I am use to using 3/8 inch hose but ordered a sprayer and noticed it is coming with a 1/4 inch 50 foot hose. I am using it to paint not shoot nails. Looks like I have to shell out a 100 for a new graco 3/8 inch hose unless you guys give me good reason. Maybe I will use it just for oils, what's your thoughts? Thanks


----------



## mustangmike3789 (Jun 11, 2011)

Depends on the size of your pump and the volume of paint you are pushing out. 1/4" x 50 should be good enough for most residential jobs. We have a few graco x50's with 2 lines each starting at 3/8x50 then 1/4x150 for painting bridges. These supply plenty of paint from the ground with no pressure loss up to 90 feet in the air. We use these set ups to spray acrylic, epoxy and urethane too. I wouldn't want to fight with a 3/8" line for 12 hours a day.


----------



## Rcon (Nov 19, 2009)

The only thing i've seen a 3/8" line used for is spraying Denso (pipeline coating, 100% solids epoxy heated to 100+ degrees). 1/4" is good enough for just about any other project.


----------



## ewingpainting.net (Jun 2, 2008)

You should have your 1st 50' at 3/8 then step it down to a 1/4. It helps with pushing the material which helps with the life of packings and stuff

....


----------



## painterman (Jun 2, 2007)

I use a 50 foot 3/8 mated to 30 feet 1/8 hose. Works perfectly no matter what I spray through it.


----------



## Oden (Feb 8, 2012)

ewingpainting.net said:


> You should have your 1st 50' at 3/8 then step it down to a 1/4. It helps with pushing the material which helps with the life of packings and stuff
> 
> ....


I was told that set up was for production, but whatever it is it is standard. If I'm the OP I'm not running put and buying a new hose though I'm running on what the machine came with. It'll work. for now. When u need more length add the other hose.


----------



## Mrlaroo (Oct 1, 2012)

ewingpainting.net said:


> You should have your 1st 50' at 3/8 then step it down to a 1/4. It helps with pushing the material which helps with the life of packings and stuff
> 
> ....


That is spot on, I am all about taking care of my equipment. I really only use just 50 ft from my pump doing interiors if and I like to use 150 on exteriors. I think if I were to use 1/4 my pump would keep up but EW great tip.

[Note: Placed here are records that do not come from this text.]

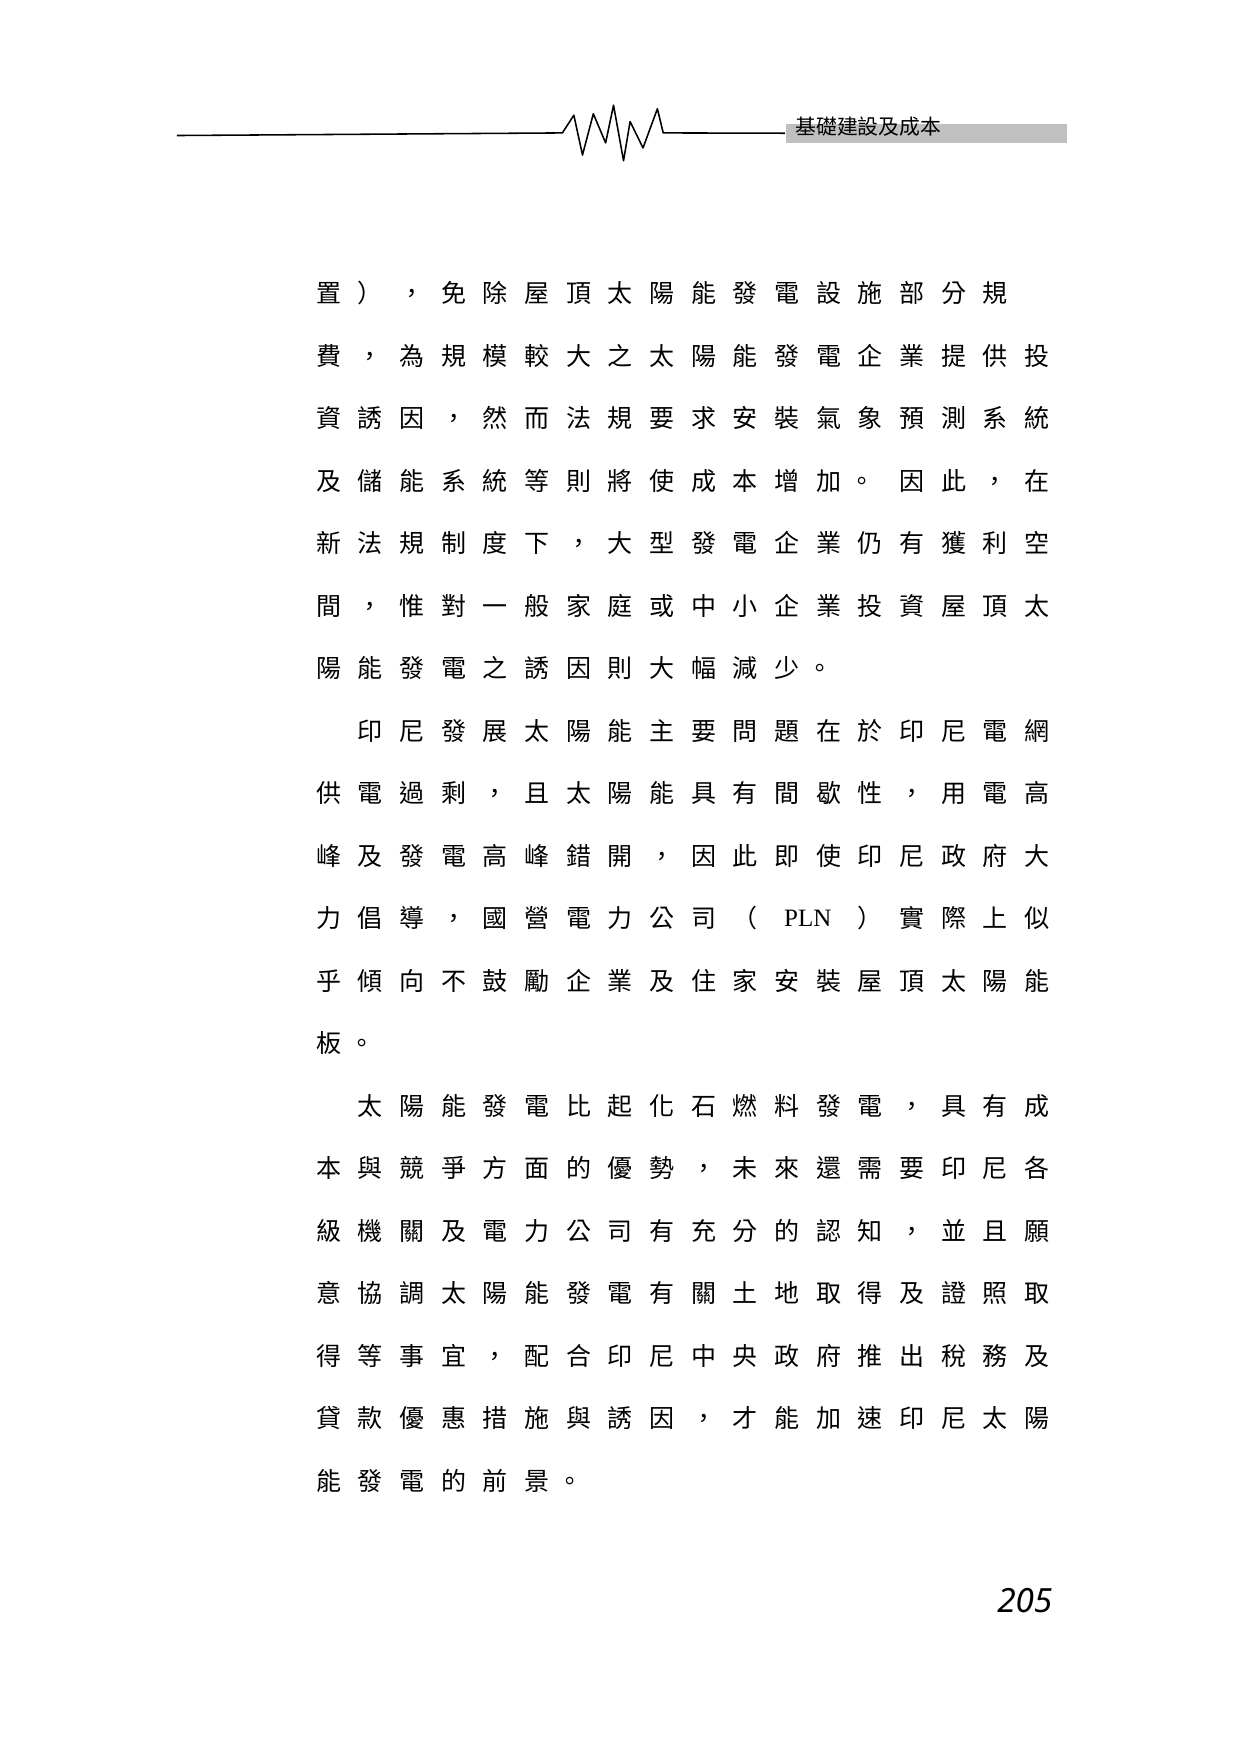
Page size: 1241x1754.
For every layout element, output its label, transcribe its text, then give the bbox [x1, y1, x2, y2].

text 置），免除屋頂太陽能發電設施部分規費，為規模較大之太陽能發電企業提供投資誘因，然而法規要求安裝氣象預測系統及儲能系統等則將使成本增加。因此，在新法規制度下，大型發電企業仍有獲利空間，惟對一般家庭或中小企業投資屋頂太陽能發電之誘因則大幅減少。 [281, 250, 1058, 688]
text 太陽能發電比起化石燃料發電，具有成本與競爭方面的優勢，未來還需要印尼各級機關及電力公司有充分的認知，並且願意協調太陽能發電有關土地取得及證照取得等事宜，配合印尼中央政府推出稅務及貸款優惠措施與誘因，才能加速印尼太陽能發電的前景。 [281, 1063, 1058, 1500]
text 印尼發展太陽能主要問題在於印尼電網供電過剩，且太陽能具有間歇性，用電高峰及發電高峰錯開，因此即使印尼政府大力倡導，國營電力公司（PLN）實際上似乎傾向不鼓勵企業及住家安裝屋頂太陽能板。 [281, 688, 1058, 1063]
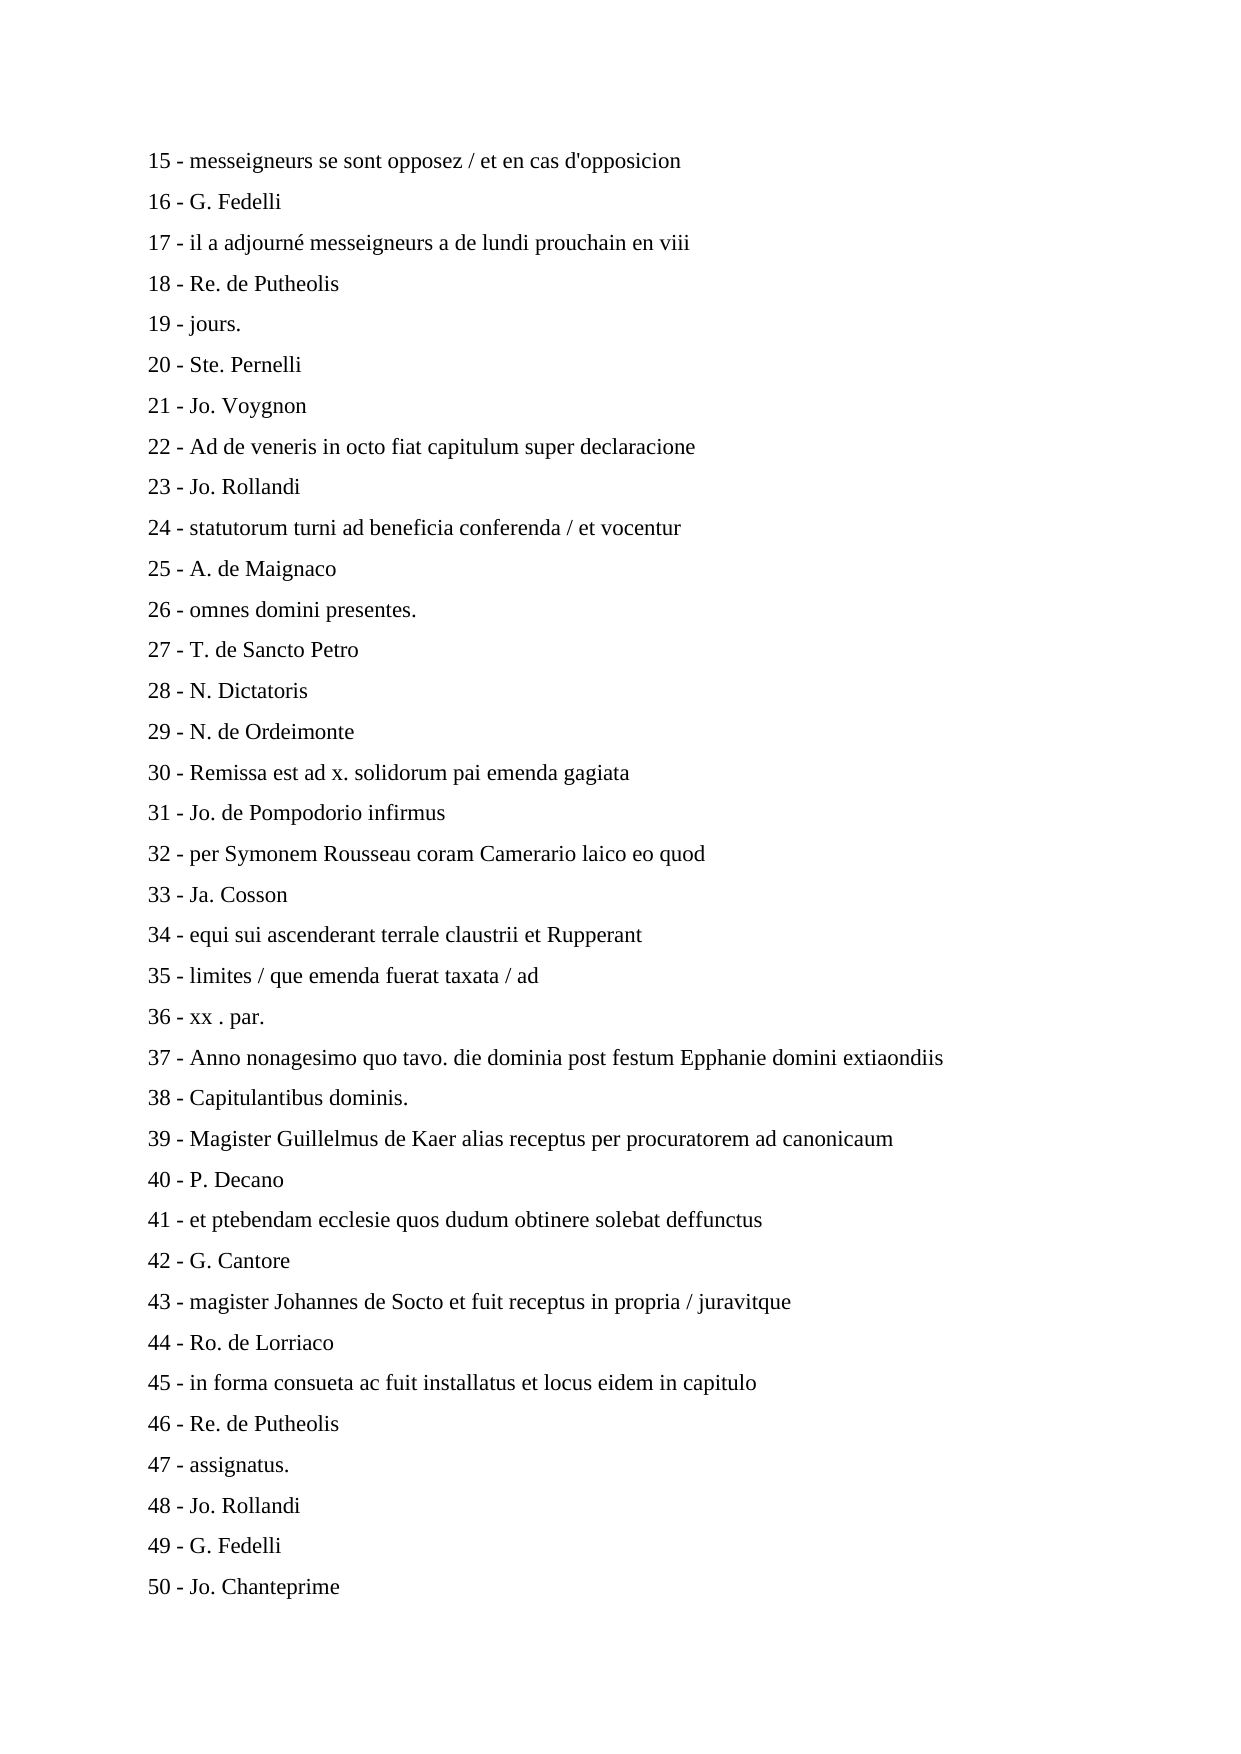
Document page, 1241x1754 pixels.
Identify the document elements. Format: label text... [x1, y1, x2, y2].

text 20 - Ste. Pernelli [148, 351, 1093, 378]
text 25 - A. de Maignaco [148, 555, 1093, 581]
text 29 - N. de Ordeimonte [148, 718, 1093, 744]
text 23 - Jo. Rollandi [148, 473, 1093, 500]
text 18 - Re. de Putheolis [148, 270, 1093, 296]
text 26 - omnes domini presentes. [148, 596, 1093, 622]
text 40 - P. Decano [148, 1166, 1093, 1192]
text 41 - et ptebendam ecclesie quos dudum obtinere solebat deffunctus [148, 1207, 1093, 1233]
text 22 - Ad de veneris in octo fiat capitulum super declaracione [148, 433, 1093, 459]
text 21 - Jo. Voygnon [148, 392, 1093, 418]
text 30 - Remissa est ad x. solidorum pai emenda gagiata [148, 758, 1093, 785]
text 24 - statutorum turni ad beneficia conferenda / et vocentur [148, 514, 1093, 541]
text 38 - Capitulantibus dominis. [148, 1084, 1093, 1111]
text 27 - T. de Sancto Petro [148, 636, 1093, 663]
text 15 - messeigneurs se sont opposez / et en cas d'opposicion [148, 148, 1093, 174]
text 16 - G. Fedelli [148, 188, 1093, 215]
text 28 - N. Dictatoris [148, 677, 1093, 703]
text 33 - Ja. Cosson [148, 881, 1093, 907]
text 37 - Anno nonagesimo quo tavo. die dominia post festum Epphanie domini extiaondiis [148, 1044, 1093, 1070]
text 19 - jours. [148, 311, 1093, 337]
text 35 - limites / que emenda fuerat taxata / ad [148, 962, 1093, 988]
text 44 - Ro. de Lorriaco [148, 1329, 1093, 1355]
text 47 - assignatus. [148, 1451, 1093, 1477]
text 42 - G. Cantore [148, 1247, 1093, 1274]
text 31 - Jo. de Pompodorio infirmus [148, 799, 1093, 826]
text 45 - in forma consueta ac fuit installatus et locus eidem in capitulo [148, 1369, 1093, 1396]
text 43 - magister Johannes de Socto et fuit receptus in propria / juravitque [148, 1288, 1093, 1314]
text 39 - Magister Guillelmus de Kaer alias receptus per procuratorem ad canonicaum [148, 1125, 1093, 1151]
text 49 - G. Fedelli [148, 1532, 1093, 1559]
text 48 - Jo. Rollandi [148, 1492, 1093, 1518]
text 32 - per Symonem Rousseau coram Camerario laico eo quod [148, 840, 1093, 866]
text 36 - xx . par. [148, 1003, 1093, 1029]
text 34 - equi sui ascenderant terrale claustrii et Rupperant [148, 921, 1093, 948]
text 46 - Re. de Putheolis [148, 1410, 1093, 1437]
text 50 - Jo. Chanteprime [148, 1573, 1093, 1599]
text 17 - il a adjourné messeigneurs a de lundi prouchain en viii [148, 229, 1093, 255]

Oden, just trying to get everything dialed in and a longer hose to me is a big time saver.

Thanks you guys for all the feedback, rocks around here.:thumbsup:


----------



## GneissGuy (Aug 21, 2013)

There are good sprayers that come with 1/4"x50' hoses. From the Graco 390 to the Graco 695, the Graco GMAX 5900, the Titan 440i - 740i. They all come stock with a 1/4" hose. If you add additional line always start with larger size connected to pump. Keeps the pressure strong at your gun and protects the pump. Really depends on what your objectives are. 

"Good Paint Isn't Cheap, and Cheap Paint Isn't Good"


----------



## ReNt A PaInTeR (Dec 28, 2008)

1/4 is fine. That is what I use with my pressure roller. :whistling2:


----------



## Jmayspaint (Mar 26, 2013)

ewingpainting.net said:


> You should have your 1st 50' at 3/8 then step it down to a 1/4. It helps with pushing the material which helps with the life of packings and stuff
> 
> ....


 I just tried this yesterday. 50' 3/8 to 25' 1/4. 
I could really tell the difference.


----------



## ewingpainting.net (Jun 2, 2008)

Jmayspaint said:


> I just tried this yesterday. 50' 3/8 to 25' 1/4.
> I could really tell the difference.


Told ya soo... 

That's how I was taught so that's how I have always done it. The only time I haven't is if I'm only running a 50' or I had no choice.

....


----------